Page MenuHomePhabricator

Timeout while retrieving the catalog from the Docker Registry
Closed, ResolvedPublic

Description

The docker-report timers have been failing for a while due to timeouts while retrieving the catalog (/v2/_catalog) from the Docker Registry.

The workflow is the following:

  1. /v2/_catalog is called multiple times, since it returns paginated results (max 50 at the moment). The HTTP Response contains a Link header that specifies the next paginated call to make. The goal is to get all the repositories, to then inspect their tags.
  1. After the catalog is fully retrieved, we apply our filters to decide what images to inspect and run/send reports on.

Docker report is currently using the CDN endpoint of the docker registry, so there are the following timeouts:

ATS TTFB: 180s

Nginx (on registryXXXX nodes): proxy TTFB 300s

From my tests it seems that retrieving the paginated catalog is taking on average 1 minute for each request/response, except for some times when a 504 is returned by Nginx (5 mins elapsed). It takes some calls to hit the slowness, but eventually I can clearly see something like this in the logs:

http.request.method=GET http.request.remoteaddr=127.0.0.1 http.request.uri="/v2/_catalog?last=wikimedia%2Fmediawiki-services-example-node-api&n=50" http.request.useragent=curl/7.88.1 http.response.contenttype="application/json; charset=utf-8" http.response.duration=6m0.803912984s http.response.status=200 http.response.written=1793

Note the http.response.duration of 6 mins :(

The slowness doesn't happen for specific calls only, once you hit the bottleneck then all subsequent HTTP calls take minutes to complete. Then something happens, and the slowness disappears.
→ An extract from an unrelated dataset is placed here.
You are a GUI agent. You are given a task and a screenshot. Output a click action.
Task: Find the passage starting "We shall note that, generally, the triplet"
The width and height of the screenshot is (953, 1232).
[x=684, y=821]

I still have no idea where/how the catalog is stored/fetched, but I guess that it is the culprit of this all problem.

Event Timeline

I tried to disable the Redis cache blobdescriptor setting inmemory for eqiad registry nodes, and I didn't hit the timeout problem while fetching the catalog, Not entirely sure what's happening, but the bottleneck may be the Redis cache and/or its state.

Current setup:

  • registry100* hosts using inmemory blobdescriptor cache
  • registry200* hosts using redis blobdescription cache

The docker-report tool doesn't timeout anymore, and I see way better timings for each paginated request (2-4x time when redis is involved, for example 26s vs 1.25 minutes).

I've also reverted inmemory to redis caching on registry1004 (eqiad, not-active/depooled) to make sure that it wasn't traffic-related, and indeed I got the same longer latency as in codfw.
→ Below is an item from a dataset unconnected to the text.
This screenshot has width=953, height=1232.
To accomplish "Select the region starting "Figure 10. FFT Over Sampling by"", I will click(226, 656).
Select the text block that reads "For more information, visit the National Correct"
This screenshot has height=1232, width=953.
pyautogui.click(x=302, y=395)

It is interesting that the replies are the same, namely the contain the same JSON response (so the repositories are not fetched from Redis apparently, but from Swift).

Change #1077933 had a related patch set uploaded (by Elukey; author: Elukey):

[operations/puppet@production] role::docker_registry_ha::registry: add nginx monitoring

https://gerrit.wikimedia.org/r/1077933

Revamped a bit https://grafana-rw.wikimedia.org/d/StcefURWz/docker-registry, and I noticed that Swift P50 latency for Stat operations goes from ~100ms to 1.5s when the catalog is fetched.

Going to run the following tests:

  1. Run docker-report using the registry's eqiad svc endpoint to see if the same problem is reproducible. I'd say yes, but better to be safe since I am testing on the depooled DC (eqiad).
  2. If the bottleneck is confirmed, disable redis caching on both registry100X hosts and redo the test.

Change #1078380 had a related patch set uploaded (by Elukey; author: Elukey):

[operations/puppet@production] swift: avoid rate-limit for the Docker account

https://gerrit.wikimedia.org/r/1078380

Next steps:

Change #1078380 merged by Elukey:

[operations/puppet@production] swift: avoid rate-limit for the Docker account

https://gerrit.wikimedia.org/r/1078380

Rolled out the swift proxy change, it seems that it has a solved the issue. Doing more tests before closing to confirm.

elukey claimed this task.

The issue seems solved, I tested docker-report multiple times and I didn't see any issue (even going through the CDN that has a lower TTFB timeout). Tentatively closing :)

Change #1077933 abandoned by Elukey:

[operations/puppet@production] role::docker_registry_ha::registry: add nginx monitoring

https://gerrit.wikimedia.org/r/1077933